Development prospects for stablecoins

After the failure of Terra, the cryptocurrency market lost confidence in algorithmic stablecoins. But a successful project here can be called MakerDAO’s DAI.

Centralized projects such as Tether and USDC are the main players in the stablecoin segment. But some strong states, including the US and the EU, are planning to introduce extensive regulation of stable token issuers, which may hinder their use.

Stablecoins are often criticized by regulatory bodies. At the end of 2021, for example, the US Treasury Department issued a report on the risks of stablecoins, noting the opacity of their reserves and assessing them as a threat to investors. The Fed believes that stablecoins pose a risk due to possible problems with their conversion into fiat currency.

Advantages of stablecoins

Digital stablecoins have many advantages. We’ll describe the main ones here:

  1. Stability. Stablecoins perform the same function as the popular fiat currency. For example, if there is increased volatility in the market, a traditional investor can transfer part of the assets in the portfolio to cash or treasury bills, while at the same time, a cryptocurrency investor can switch to stablecoins.
  2. A fast means of trading. If you have stablecoins, then with strong market volatility, you can easily make a trade. They are easy to buy or transfer due to fast transaction processing and low commissions. Whereas you can’t handle a fiat currency as quickly. What it costs to take the currency out of the bank.
  3. Increased liquidity. Stablecoins increase liquidity and volumes in the cryptocurrency market. Their stability increases credibility in the crypto market, as more and more people are ready to work with them. The increase in the number of market participants increases market capitalization and trading volume, which leads to greater liquidity. This ensures higher asset prices and a narrower spread between supply and demand.
  4. Pay anywhere. Stablecoins can be transferred anywhere in the world, including sending them to places where it is difficult to buy US dollars or where the local currency is unstable.

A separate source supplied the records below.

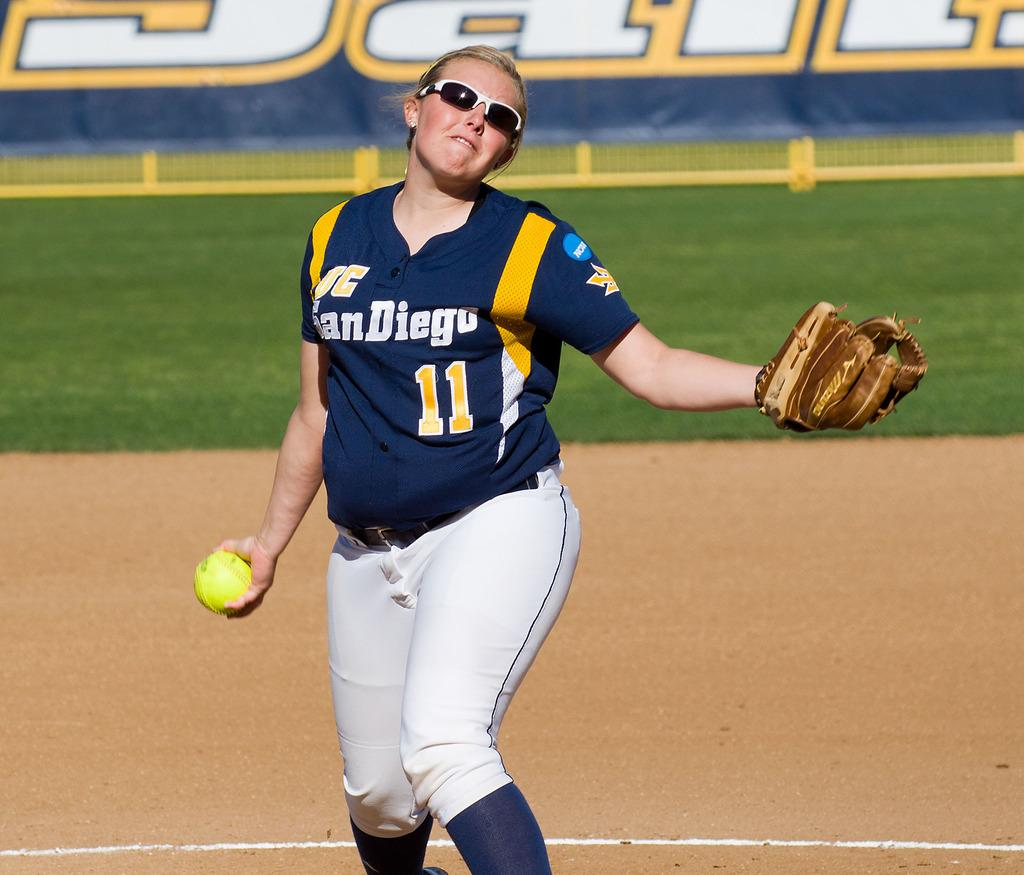<image>
Summarize the visual content of the image. A female baseball player has the number 11 on her t-shirt. 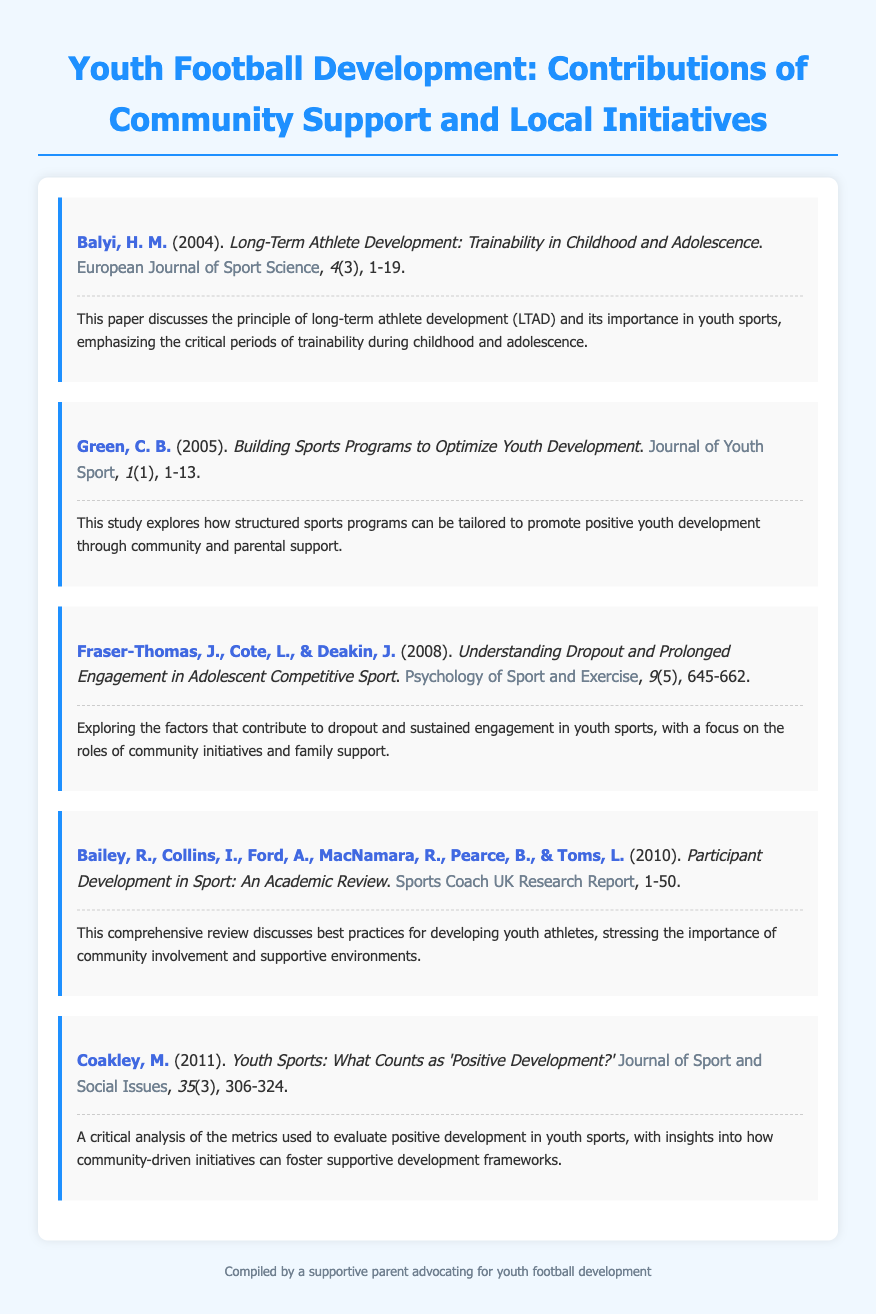what is the title of the first entry? The title is "Long-Term Athlete Development: Trainability in Childhood and Adolescence."
Answer: Long-Term Athlete Development: Trainability in Childhood and Adolescence who is the author of the second entry? The author is C. B. Green.
Answer: C. B. Green what is the year of publication for the last entry? The year of publication for the last entry is 2011.
Answer: 2011 how many authors contributed to the fourth entry? The entry lists six authors who contributed to it.
Answer: six what is the main focus of Fraser-Thomas et al.'s paper? The focus is on dropout and prolonged engagement in adolescent competitive sport.
Answer: dropout and prolonged engagement in adolescent competitive sport which journal published the entry by Bailey et al.? The entry was published in the Sports Coach UK Research Report.
Answer: Sports Coach UK Research Report what is emphasized in Balyi's paper? The paper emphasizes the critical periods of trainability during childhood and adolescence.
Answer: critical periods of trainability during childhood and adolescence what is the theme addressed in Coakley's paper? The theme is the evaluation of positive development in youth sports.
Answer: evaluation of positive development in youth sports

Disadvantages of stablecoins

Stablecoins have one disadvantage – the risk of centralization. Some coins have a centralized management and reserve structure, which creates certain risks for users. If problems start on the part of the stablecoin issuer, the weakening of reputation can cause damage to investors.

Conclusion

Stablecoins, in the world of cryptocurrencies, are a very efficient currency: devoid of the risks associated with high volatility, with the possibility of “sitting it out” in difficult times. And you can also earn interest on fluctuations or bets. The digital currency market is constantly developing and, not to please the regulators, continues to grow. The outlook for stablecoins is therefore very favorable.